TBTC Study 31: Rifapentine-containing Tuberculosis Treatment Shortening Regimens (S31/A5349)
Status and phase
Conditions
Treatments
Details and patient eligibility
About
The purpose of this study is to determine whether one or two four-month regimens of tuberculosis treatment are as effective as a standard six-month regimen for treatment of pulmonary tuberculosis (TB). All three regimens are administered daily, seven days each week, with direct observation of each dose by a health-care worker at least five of the seven days of each week.
The standard six-month regimen is two months of isoniazid, rifampin, ethambutol, and pyrazinamide followed by four months of isoniazid and rifampin.
The first short regimen is a single substitution of rifapentine for rifampin: two months of isoniazid, rifapentine, ethambutol, and pyrazinamide, followed by two months of isoniazid and rifapentine.
The second short regimen is a double substitution of rifapentine for rifampin and moxifloxacin for ethambutol: two months of isoniazid, rifapentine, moxifloxacin, and pyrazinamide, followed by two months of isoniazid, rifapentine, and moxifloxacin.
Target enrollment is 2500 participants. Each study participant will remain in the study for 18 months in order to include at least 12 months of evaluation of whether the participant's TB recurs.
Full description
Title:
Rifapentine-containing treatment shortening regimens for pulmonary tuberculosis: a randomized, open-label, controlled, phase 3 clinical trial
Hypotheses:
A) Seventeen (17) week rifapentine-based regimen In previously untreated individuals with active drug-susceptible pulmonary tuberculosis treated with eight weeks of rifapentine (P), isoniazid (H), pyrazinamide (Z) and ethambutol (E) followed by nine weeks of rifapentine plus isoniazid, all given daily throughout, the proportion of participants who experience absence of cure (unfavorable outcome) will not be inferior to that observed in participants who are treated with a standard regimen (eight weeks of rifampin (R), isoniazid, pyrazinamide and ethambutol followed by eighteen weeks of rifampin plus isoniazid), all given daily throughout.

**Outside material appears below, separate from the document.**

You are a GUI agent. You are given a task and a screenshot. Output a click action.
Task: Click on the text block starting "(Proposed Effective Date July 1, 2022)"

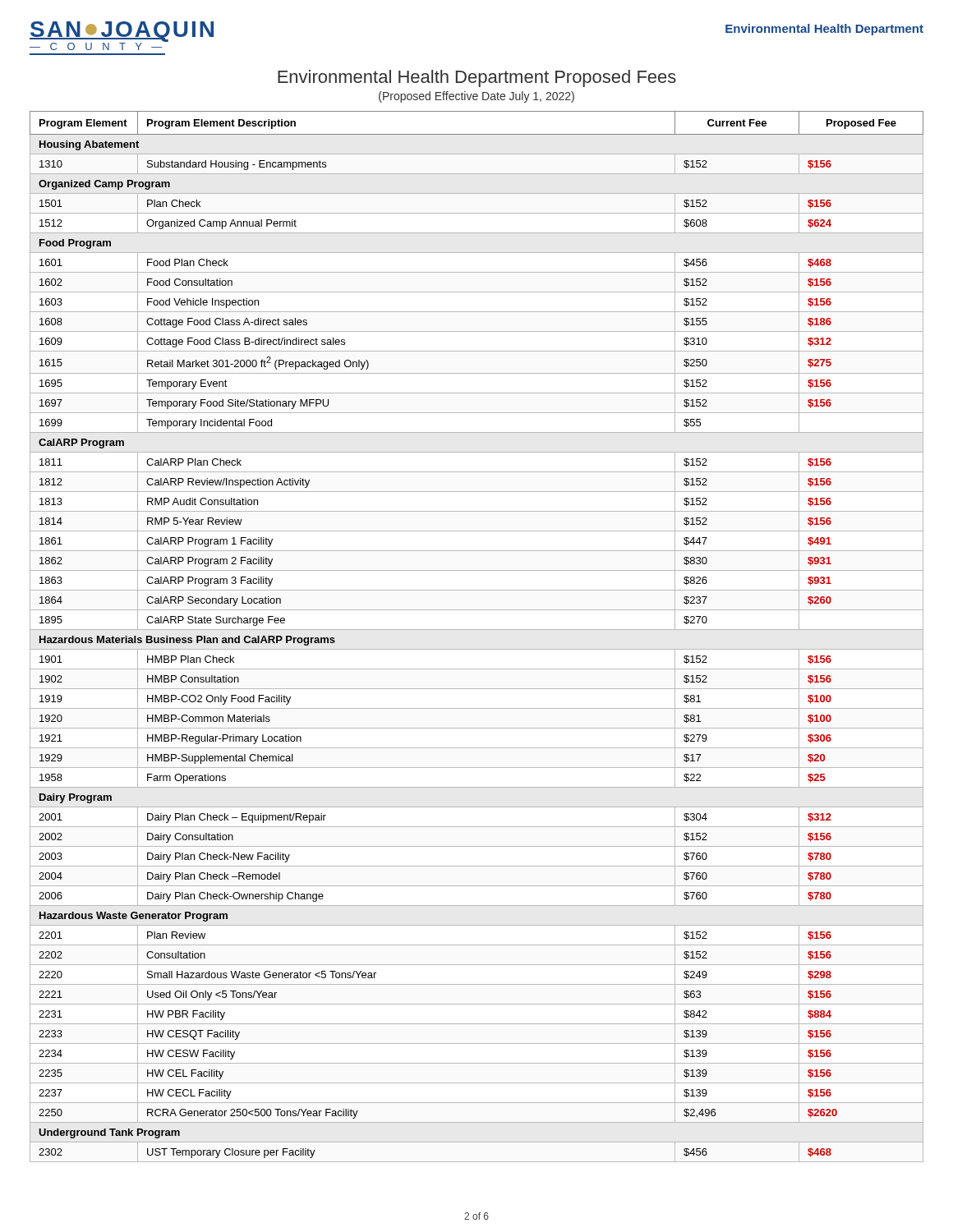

B) Seventeen (17) week rifapentine- plus moxifloxacin-containing regimen In previously untreated individuals with active drug-susceptible pulmonary tuberculosis treated with eight weeks of rifapentine, isoniazid, pyrazinamide and moxifloxacin (M), followed by nine weeks of rifapentine, isoniazid, and moxifloxacin, all given daily throughout, the proportion of participants who experience absence of cure (unfavorable outcome) will not be inferior to that observed in participants who are treated with a standard regimen (eight weeks of rifampin, isoniazid, pyrazinamide and ethambutol followed by eighteen weeks of rifampin plus isoniazid), all given daily throughout.
Phase: 3
Design: This will be an international, multicenter, randomized, controlled, open-label, 3-arm, phase 3 non-inferiority trial.
Population: Patients with newly diagnosed, previously untreated pulmonary tuberculosis.
Number of Sites: Multiple international sites, primarily sites of the Tuberculosis Trials Consortium and the AIDS Clinical Trials Group.
Study Duration: Duration per participant is approximately 18 months.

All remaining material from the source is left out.